Monday, September 22, 2008

A Lot Better Than Three-Buck Chuck

It's time to get back to reviewing August movies (even though I have three more from September - ack!). The flick I'm about to talk up was the one that made me want to start writing again. It's not that Bottle Shock was the greatest thing I've ever seen. However, it may have been the most fun I've had in some time.

Props to Brooklyn Jen for help with the lede.

Bottle Shock (seen Aug. 9; second movie I saw in August)
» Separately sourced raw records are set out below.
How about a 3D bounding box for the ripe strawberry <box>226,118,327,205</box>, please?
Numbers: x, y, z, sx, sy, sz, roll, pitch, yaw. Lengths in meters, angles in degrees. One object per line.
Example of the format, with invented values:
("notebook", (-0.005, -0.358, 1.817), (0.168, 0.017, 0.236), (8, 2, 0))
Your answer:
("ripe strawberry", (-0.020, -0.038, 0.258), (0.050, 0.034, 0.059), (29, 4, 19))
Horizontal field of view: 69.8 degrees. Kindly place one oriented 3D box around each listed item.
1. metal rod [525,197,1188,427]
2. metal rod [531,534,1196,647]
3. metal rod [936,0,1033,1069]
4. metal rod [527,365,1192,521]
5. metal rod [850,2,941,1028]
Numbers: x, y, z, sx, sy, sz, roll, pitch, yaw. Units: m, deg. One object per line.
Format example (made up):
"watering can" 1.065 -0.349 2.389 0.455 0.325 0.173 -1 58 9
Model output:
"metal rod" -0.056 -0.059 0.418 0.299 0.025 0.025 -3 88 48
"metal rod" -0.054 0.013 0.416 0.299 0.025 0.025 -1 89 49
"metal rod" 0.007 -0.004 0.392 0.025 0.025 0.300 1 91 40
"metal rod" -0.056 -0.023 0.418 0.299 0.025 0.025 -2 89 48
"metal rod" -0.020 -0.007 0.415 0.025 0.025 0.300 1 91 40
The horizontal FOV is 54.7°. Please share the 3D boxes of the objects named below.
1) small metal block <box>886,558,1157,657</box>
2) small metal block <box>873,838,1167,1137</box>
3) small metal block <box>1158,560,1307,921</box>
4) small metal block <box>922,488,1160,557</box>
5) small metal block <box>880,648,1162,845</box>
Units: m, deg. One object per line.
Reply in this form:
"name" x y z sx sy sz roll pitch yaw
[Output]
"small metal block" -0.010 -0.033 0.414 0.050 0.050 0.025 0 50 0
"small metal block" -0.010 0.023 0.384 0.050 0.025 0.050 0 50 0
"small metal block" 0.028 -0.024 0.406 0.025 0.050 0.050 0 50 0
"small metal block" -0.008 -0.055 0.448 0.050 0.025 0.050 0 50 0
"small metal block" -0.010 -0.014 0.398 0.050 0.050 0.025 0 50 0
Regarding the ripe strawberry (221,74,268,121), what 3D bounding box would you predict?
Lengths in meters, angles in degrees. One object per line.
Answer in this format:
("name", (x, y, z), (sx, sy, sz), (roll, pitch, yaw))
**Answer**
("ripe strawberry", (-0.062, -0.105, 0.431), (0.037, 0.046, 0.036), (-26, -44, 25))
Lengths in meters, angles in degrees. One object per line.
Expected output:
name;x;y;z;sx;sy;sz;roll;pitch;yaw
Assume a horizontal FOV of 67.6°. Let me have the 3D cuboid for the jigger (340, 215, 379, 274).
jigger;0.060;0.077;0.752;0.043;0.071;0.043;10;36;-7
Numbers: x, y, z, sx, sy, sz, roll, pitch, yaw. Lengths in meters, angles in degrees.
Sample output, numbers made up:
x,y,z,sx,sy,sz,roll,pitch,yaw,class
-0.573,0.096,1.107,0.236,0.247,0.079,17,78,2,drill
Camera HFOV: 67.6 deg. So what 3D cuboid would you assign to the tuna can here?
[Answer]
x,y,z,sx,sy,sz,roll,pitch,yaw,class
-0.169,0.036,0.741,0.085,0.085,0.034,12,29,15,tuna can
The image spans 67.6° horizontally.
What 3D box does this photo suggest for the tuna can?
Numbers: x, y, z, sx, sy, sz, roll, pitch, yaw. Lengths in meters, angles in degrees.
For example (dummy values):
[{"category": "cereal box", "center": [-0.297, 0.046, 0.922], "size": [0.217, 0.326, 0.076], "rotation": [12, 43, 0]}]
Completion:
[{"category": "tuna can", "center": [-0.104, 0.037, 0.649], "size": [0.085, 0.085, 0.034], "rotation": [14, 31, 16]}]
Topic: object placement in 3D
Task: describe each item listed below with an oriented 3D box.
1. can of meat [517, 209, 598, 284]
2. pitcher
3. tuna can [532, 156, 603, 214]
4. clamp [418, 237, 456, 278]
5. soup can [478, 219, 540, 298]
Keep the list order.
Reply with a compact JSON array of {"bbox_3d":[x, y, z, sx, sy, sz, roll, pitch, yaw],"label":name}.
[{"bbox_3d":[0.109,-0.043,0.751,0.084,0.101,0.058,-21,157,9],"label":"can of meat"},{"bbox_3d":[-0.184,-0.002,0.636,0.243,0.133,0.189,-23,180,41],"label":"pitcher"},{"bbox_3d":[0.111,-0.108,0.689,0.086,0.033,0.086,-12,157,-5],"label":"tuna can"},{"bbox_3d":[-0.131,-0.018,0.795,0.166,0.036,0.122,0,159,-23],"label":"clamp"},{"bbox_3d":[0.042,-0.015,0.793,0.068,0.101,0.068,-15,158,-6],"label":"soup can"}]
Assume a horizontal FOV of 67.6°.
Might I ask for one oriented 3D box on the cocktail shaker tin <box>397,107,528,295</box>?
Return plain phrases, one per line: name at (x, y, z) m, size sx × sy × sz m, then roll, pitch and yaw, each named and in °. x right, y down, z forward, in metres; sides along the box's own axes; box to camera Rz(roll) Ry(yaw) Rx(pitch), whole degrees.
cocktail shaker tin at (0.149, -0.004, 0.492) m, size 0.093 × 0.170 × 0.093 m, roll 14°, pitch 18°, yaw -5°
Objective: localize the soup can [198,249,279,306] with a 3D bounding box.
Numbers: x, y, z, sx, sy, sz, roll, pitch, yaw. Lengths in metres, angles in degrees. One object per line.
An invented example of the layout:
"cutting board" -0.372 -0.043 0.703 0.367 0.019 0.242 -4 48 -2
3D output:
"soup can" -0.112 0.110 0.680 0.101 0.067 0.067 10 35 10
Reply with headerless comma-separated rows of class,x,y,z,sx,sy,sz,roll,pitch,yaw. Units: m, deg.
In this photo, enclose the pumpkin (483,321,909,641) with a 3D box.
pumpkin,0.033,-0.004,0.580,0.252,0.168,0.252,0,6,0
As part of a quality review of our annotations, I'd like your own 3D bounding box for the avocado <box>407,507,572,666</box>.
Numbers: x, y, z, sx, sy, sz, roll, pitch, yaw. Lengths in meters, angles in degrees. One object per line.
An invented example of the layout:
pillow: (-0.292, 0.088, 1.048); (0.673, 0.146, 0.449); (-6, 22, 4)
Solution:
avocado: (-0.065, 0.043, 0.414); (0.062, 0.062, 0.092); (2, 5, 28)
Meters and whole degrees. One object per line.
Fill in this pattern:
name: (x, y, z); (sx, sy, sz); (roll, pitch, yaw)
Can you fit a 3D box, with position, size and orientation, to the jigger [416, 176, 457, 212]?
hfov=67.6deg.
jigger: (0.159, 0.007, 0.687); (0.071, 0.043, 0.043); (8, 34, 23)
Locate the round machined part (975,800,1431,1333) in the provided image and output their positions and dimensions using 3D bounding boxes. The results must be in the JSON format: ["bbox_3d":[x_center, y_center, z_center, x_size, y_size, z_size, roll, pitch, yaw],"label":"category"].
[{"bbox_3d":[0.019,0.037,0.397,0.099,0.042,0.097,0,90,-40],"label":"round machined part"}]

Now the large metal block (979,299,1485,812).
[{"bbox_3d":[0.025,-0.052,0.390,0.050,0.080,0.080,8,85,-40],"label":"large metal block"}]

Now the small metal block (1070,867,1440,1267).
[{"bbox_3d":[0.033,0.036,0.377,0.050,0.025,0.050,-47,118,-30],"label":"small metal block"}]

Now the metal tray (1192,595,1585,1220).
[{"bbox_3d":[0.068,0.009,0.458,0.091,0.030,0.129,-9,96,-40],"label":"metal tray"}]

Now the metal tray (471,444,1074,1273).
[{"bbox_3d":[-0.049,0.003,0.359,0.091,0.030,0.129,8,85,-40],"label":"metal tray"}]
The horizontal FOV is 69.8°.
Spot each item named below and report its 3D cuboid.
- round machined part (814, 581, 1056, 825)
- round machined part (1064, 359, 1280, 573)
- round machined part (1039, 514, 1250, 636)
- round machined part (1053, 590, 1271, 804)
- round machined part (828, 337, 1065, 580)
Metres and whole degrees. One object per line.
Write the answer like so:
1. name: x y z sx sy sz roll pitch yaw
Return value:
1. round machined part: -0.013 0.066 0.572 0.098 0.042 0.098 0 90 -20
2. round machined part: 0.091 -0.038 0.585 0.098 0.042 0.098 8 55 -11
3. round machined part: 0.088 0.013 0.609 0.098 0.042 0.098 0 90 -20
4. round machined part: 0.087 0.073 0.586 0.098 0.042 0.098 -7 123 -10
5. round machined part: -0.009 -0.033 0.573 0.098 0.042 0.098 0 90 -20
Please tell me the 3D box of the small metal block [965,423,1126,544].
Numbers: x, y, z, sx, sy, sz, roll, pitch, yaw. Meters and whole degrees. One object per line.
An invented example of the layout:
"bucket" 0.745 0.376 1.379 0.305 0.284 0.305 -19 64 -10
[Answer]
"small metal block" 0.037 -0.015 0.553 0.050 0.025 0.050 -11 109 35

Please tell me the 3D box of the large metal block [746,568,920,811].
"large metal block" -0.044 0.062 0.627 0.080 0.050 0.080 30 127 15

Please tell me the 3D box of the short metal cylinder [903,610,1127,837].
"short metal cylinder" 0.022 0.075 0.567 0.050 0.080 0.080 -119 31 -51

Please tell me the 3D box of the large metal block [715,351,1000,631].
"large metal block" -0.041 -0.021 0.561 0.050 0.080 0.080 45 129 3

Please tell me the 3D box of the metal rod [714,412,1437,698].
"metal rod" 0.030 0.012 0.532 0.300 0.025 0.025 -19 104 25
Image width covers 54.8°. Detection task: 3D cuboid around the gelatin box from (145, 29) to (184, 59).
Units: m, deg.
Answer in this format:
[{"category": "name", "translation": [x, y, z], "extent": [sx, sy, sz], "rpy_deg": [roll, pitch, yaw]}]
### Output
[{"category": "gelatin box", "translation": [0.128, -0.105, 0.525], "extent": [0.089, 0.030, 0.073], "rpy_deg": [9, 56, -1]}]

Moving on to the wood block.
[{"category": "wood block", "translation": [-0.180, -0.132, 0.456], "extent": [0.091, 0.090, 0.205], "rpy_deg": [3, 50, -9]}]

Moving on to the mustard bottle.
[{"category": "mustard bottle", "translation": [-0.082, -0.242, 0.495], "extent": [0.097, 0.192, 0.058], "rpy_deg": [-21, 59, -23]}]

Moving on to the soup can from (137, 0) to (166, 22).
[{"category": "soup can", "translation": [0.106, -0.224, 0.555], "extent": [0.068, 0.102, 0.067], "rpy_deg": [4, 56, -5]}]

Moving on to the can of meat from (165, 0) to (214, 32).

Like a glass of summer white, Bottle Shock refreshes the moviegoer’s palate after a season of Hulks and Dark Knights. Randall Miller directs and co-writes this messily engaging, shaggy dog of a flick, a delightful true story of a Napa Valley winery stunning the Parisian oenophiles in a blind taste test in 1976. The plot has problems (unbalanced screen time, characters introduced then dropped), the acting is uneven (Alan Rickman and an underused Freddy Rodriguez are great, the clichéd father/son Bill Pullman and Chris Pine less so), yet the film’s overall charm ultimately takes over. Rickman’s U.K. snob is as droll as you might expect (“You think I'm an asshole. [pause] “I'm just British and, well, you're not.”), yet he also takes pleasure in discovering that odd green concoction known as guacamole. In much the same way, allow yourself to accept Bottle Shock’s flaws and instead drink in the glorious California and French landscapes, the complementary 1970s rock soundtrack, and the joy of a little movie that could.